Copy, word for word, the lines of the entries below between the one with "List each element's" and the one with "list nadere regels: de", inclusive, and leave out everything else.

━━ Records ━━

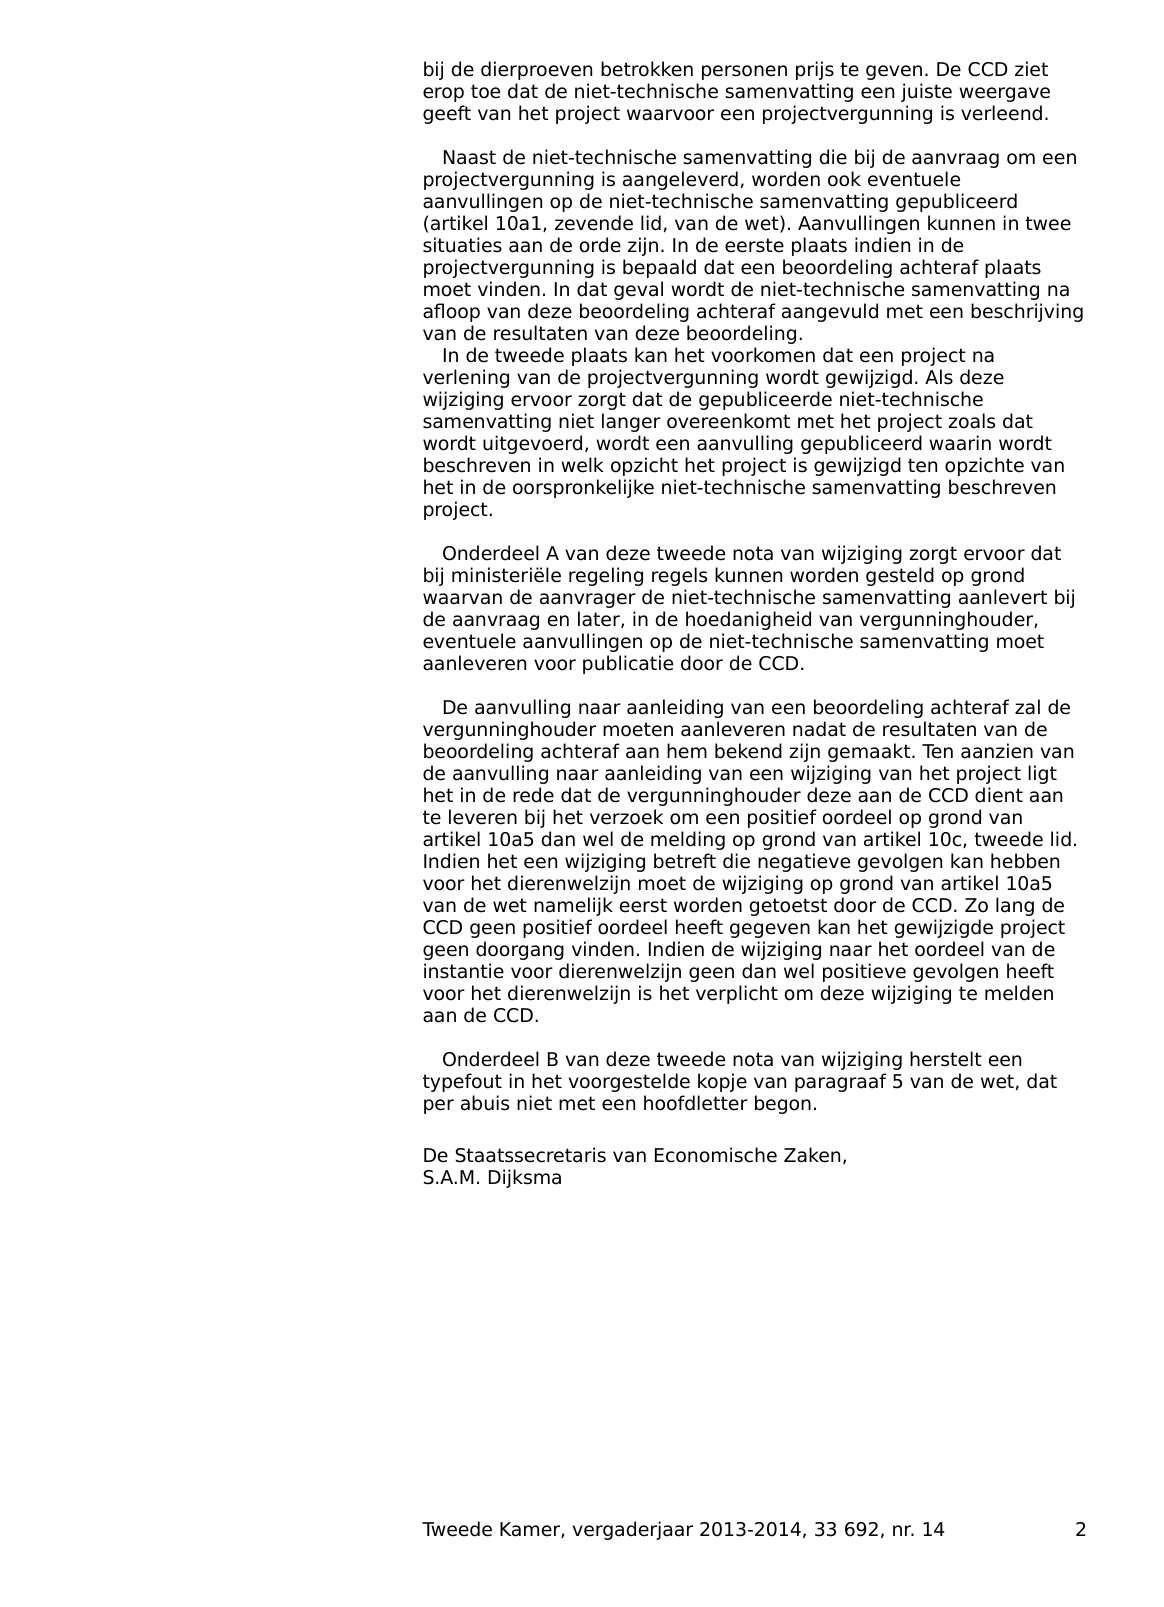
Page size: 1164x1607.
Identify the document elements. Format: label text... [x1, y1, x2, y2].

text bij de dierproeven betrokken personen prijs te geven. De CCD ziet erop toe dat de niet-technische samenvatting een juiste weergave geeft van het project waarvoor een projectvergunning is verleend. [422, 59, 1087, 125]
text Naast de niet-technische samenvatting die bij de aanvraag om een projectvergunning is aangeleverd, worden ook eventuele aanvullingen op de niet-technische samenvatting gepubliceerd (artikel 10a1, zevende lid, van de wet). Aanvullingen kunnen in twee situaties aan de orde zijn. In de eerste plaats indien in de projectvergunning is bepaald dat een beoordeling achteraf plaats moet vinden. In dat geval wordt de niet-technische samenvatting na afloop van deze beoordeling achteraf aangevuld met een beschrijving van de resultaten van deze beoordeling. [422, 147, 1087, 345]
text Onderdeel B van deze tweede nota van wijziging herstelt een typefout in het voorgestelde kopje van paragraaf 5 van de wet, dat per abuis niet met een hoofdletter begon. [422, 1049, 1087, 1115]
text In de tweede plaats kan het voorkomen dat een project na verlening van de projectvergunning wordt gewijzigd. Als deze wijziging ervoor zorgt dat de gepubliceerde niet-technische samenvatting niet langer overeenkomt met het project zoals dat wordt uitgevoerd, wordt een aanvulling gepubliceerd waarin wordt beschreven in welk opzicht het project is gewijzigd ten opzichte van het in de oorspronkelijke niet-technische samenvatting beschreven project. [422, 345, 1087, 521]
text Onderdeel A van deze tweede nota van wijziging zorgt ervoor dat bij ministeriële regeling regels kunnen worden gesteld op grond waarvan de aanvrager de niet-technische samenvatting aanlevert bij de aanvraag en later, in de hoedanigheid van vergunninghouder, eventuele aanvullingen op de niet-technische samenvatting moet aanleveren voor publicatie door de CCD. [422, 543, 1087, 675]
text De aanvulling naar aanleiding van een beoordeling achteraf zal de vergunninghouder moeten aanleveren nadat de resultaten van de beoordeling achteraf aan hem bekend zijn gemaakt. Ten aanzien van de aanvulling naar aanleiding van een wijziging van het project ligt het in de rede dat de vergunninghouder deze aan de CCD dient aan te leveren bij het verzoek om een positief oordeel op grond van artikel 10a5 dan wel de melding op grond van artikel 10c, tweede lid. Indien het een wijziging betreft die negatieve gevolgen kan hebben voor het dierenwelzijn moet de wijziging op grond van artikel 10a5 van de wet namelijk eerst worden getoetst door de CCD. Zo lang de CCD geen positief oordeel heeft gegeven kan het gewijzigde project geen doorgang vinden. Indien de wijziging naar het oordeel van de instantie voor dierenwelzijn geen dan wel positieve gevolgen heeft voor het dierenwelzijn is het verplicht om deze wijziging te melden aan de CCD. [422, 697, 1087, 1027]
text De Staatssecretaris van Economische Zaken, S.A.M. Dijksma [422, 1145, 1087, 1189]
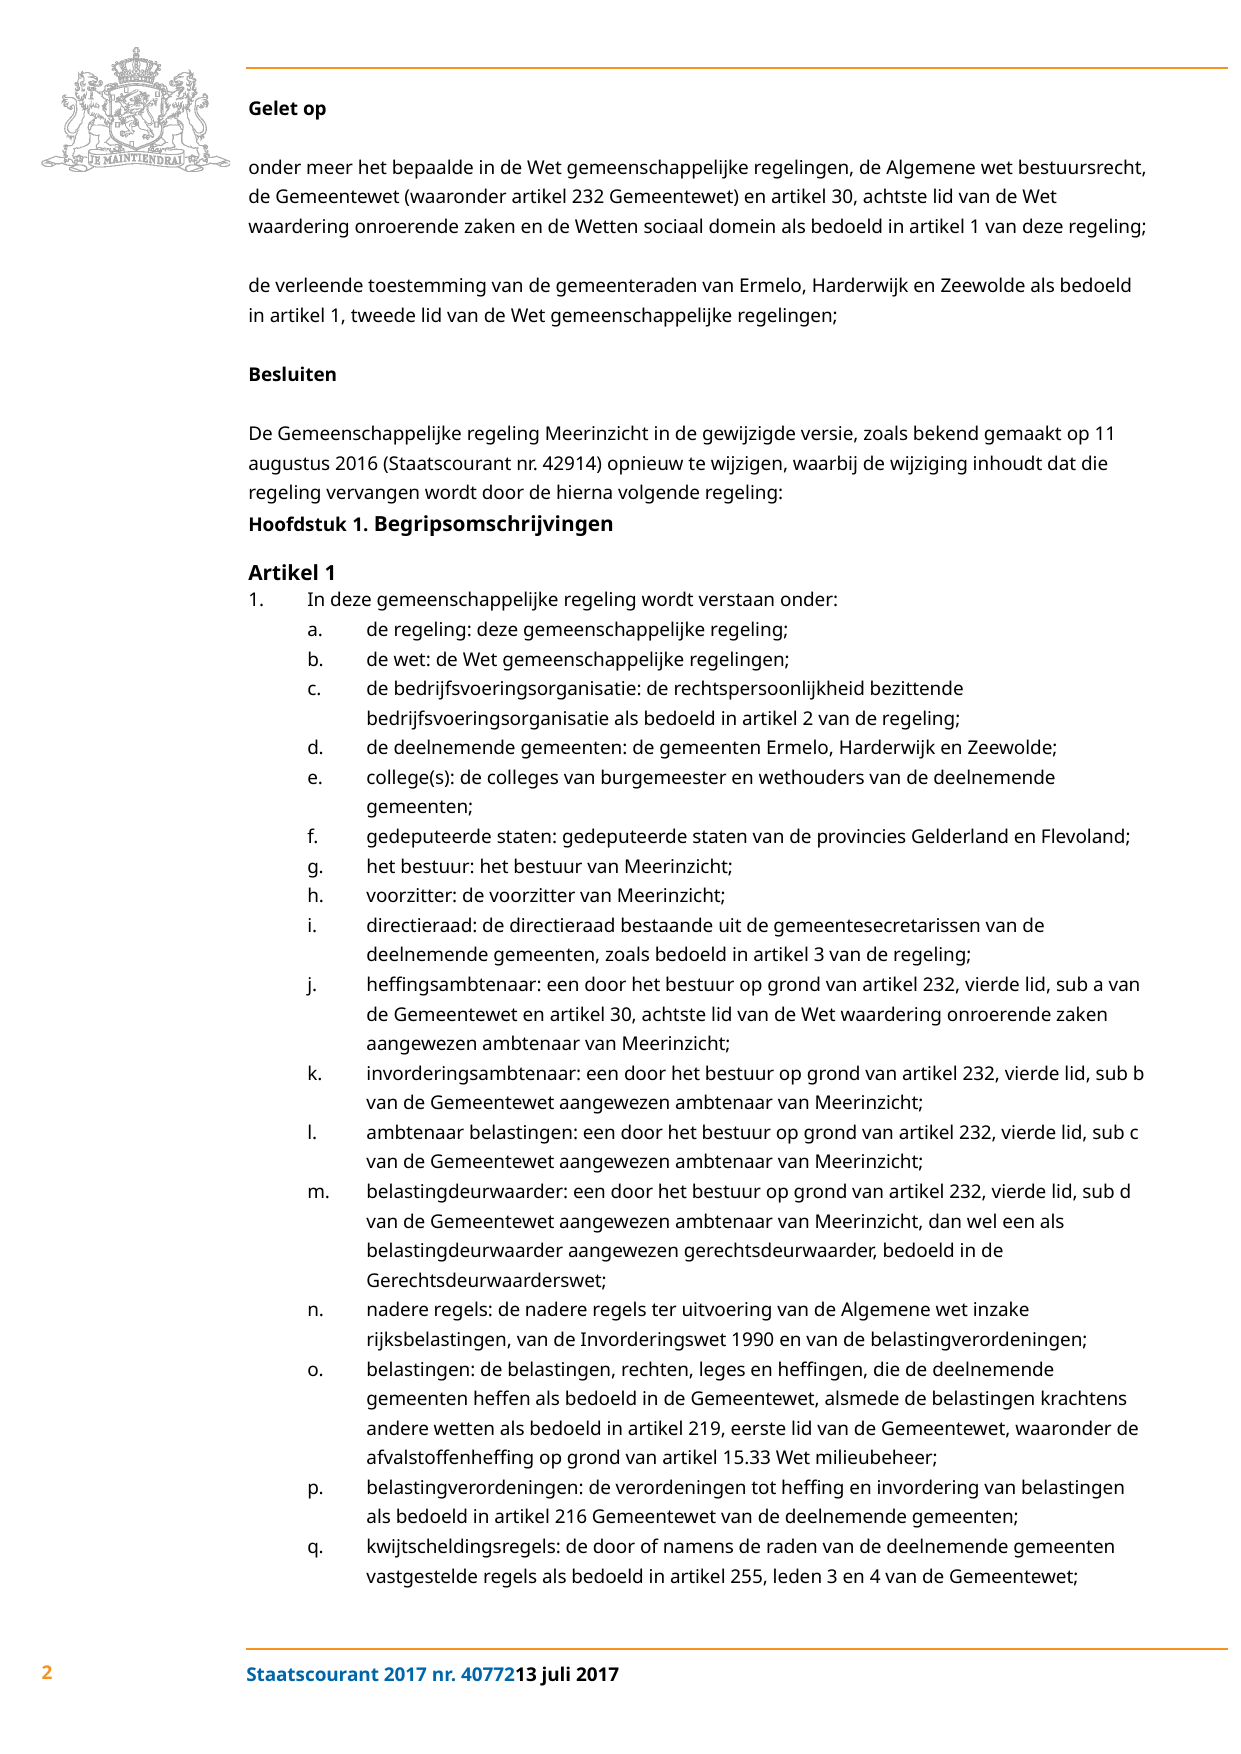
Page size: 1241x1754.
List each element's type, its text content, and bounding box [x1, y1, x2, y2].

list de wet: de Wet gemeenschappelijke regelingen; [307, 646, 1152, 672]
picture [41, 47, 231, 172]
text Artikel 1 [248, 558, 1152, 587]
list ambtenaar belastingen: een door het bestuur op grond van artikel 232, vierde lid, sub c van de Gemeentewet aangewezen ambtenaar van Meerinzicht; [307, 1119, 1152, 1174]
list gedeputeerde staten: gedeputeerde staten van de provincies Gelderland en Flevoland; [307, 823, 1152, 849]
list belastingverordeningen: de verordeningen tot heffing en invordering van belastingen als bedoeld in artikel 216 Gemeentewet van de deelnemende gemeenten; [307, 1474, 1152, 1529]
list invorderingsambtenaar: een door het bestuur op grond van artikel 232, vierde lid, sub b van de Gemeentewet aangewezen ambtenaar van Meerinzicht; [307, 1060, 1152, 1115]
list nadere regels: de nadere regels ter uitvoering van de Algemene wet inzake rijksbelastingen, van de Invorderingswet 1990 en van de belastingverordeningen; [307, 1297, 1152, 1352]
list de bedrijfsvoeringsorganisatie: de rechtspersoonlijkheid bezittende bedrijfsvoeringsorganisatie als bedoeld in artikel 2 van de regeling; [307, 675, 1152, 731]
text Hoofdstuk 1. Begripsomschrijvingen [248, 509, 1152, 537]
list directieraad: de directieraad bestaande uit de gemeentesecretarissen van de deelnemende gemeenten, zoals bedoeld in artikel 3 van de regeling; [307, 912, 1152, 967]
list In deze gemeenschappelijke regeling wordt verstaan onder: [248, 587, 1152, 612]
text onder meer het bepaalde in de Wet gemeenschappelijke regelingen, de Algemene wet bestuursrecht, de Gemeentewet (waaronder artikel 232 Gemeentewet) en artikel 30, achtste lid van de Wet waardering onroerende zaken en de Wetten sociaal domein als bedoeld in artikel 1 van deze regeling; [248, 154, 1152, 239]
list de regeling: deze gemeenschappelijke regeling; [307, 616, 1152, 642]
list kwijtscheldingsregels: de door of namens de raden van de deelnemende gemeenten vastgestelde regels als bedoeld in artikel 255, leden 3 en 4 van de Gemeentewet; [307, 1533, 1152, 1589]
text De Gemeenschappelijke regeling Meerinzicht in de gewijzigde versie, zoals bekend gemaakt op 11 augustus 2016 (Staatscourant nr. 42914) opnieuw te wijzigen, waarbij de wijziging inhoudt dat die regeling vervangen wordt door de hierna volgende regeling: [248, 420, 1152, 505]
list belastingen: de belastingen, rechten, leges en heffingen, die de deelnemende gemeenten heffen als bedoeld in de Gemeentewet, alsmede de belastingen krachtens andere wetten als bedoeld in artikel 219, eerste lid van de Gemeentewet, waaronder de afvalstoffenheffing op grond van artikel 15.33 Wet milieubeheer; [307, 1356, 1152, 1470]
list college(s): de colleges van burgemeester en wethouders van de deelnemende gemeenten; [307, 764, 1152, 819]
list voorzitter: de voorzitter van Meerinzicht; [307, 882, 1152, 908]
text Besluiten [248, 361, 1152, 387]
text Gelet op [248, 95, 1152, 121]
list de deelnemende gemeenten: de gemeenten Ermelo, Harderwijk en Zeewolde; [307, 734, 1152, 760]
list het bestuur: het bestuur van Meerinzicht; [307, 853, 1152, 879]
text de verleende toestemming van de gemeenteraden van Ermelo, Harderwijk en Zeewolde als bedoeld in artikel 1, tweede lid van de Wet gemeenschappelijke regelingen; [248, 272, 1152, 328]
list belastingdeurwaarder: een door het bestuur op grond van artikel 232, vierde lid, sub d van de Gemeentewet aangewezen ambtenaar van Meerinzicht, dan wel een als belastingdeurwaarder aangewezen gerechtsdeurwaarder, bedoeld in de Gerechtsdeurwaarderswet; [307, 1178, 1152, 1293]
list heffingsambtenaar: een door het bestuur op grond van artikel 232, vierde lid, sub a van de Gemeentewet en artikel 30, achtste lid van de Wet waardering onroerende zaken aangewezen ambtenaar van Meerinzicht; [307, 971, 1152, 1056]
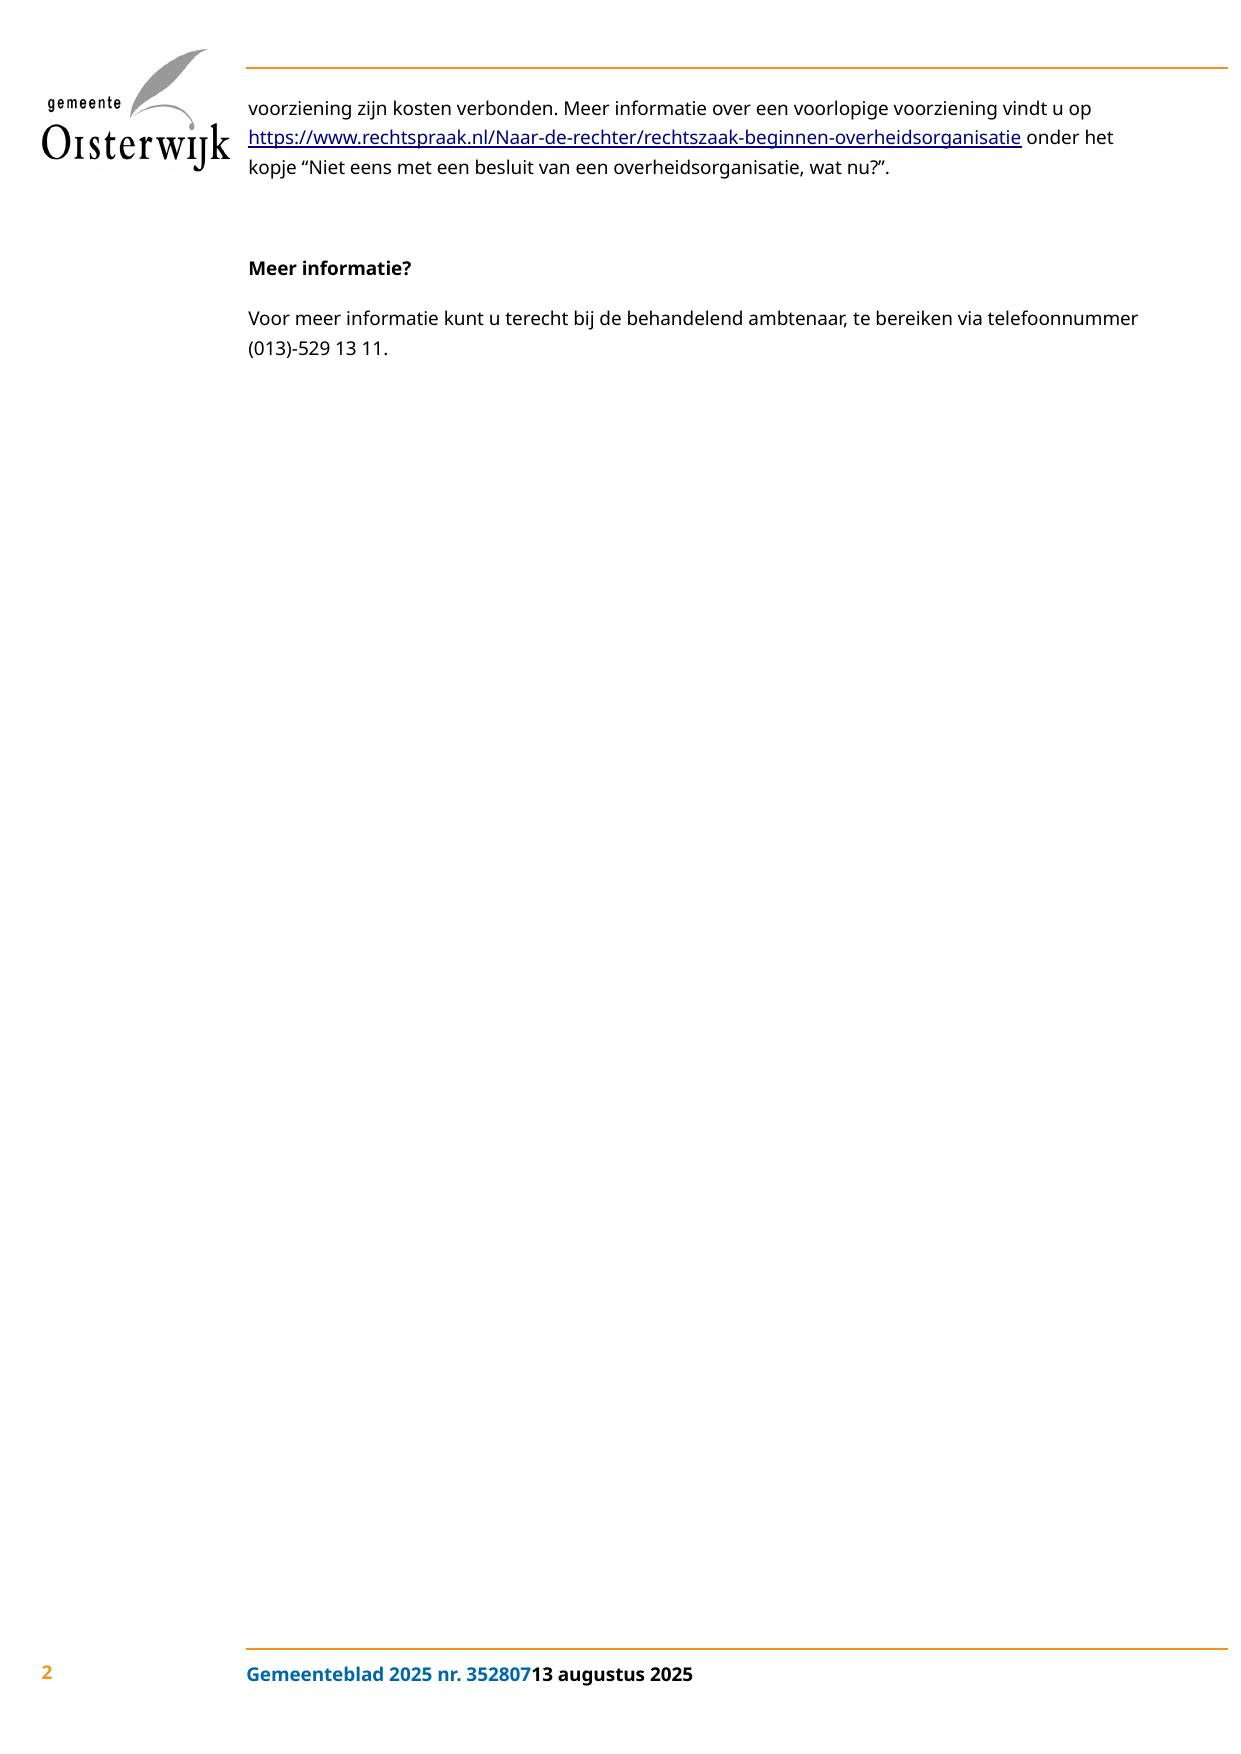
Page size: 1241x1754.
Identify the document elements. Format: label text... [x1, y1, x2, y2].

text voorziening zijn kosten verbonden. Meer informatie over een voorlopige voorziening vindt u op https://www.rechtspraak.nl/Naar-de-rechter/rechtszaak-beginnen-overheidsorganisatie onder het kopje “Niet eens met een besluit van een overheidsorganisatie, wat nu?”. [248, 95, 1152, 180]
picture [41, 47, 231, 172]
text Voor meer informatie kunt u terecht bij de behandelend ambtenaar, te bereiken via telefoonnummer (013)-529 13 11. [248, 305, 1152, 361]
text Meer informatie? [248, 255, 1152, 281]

━━━

Solution to this problem:
List each element's type, its text content, and bounding box [x1, y1, x2, y2].

list de wet: de Wet gemeenschappelijke regelingen; [307, 646, 1152, 672]
picture [41, 47, 231, 172]
text Artikel 1 [248, 558, 1152, 587]
list ambtenaar belastingen: een door het bestuur op grond van artikel 232, vierde lid, sub c van de Gemeentewet aangewezen ambtenaar van Meerinzicht; [307, 1119, 1152, 1174]
list gedeputeerde staten: gedeputeerde staten van de provincies Gelderland en Flevoland; [307, 823, 1152, 849]
list belastingverordeningen: de verordeningen tot heffing en invordering van belastingen als bedoeld in artikel 216 Gemeentewet van de deelnemende gemeenten; [307, 1474, 1152, 1529]
list invorderingsambtenaar: een door het bestuur op grond van artikel 232, vierde lid, sub b van de Gemeentewet aangewezen ambtenaar van Meerinzicht; [307, 1060, 1152, 1115]
list nadere regels: de nadere regels ter uitvoering van de Algemene wet inzake rijksbelastingen, van de Invorderingswet 1990 en van de belastingverordeningen; [307, 1297, 1152, 1352]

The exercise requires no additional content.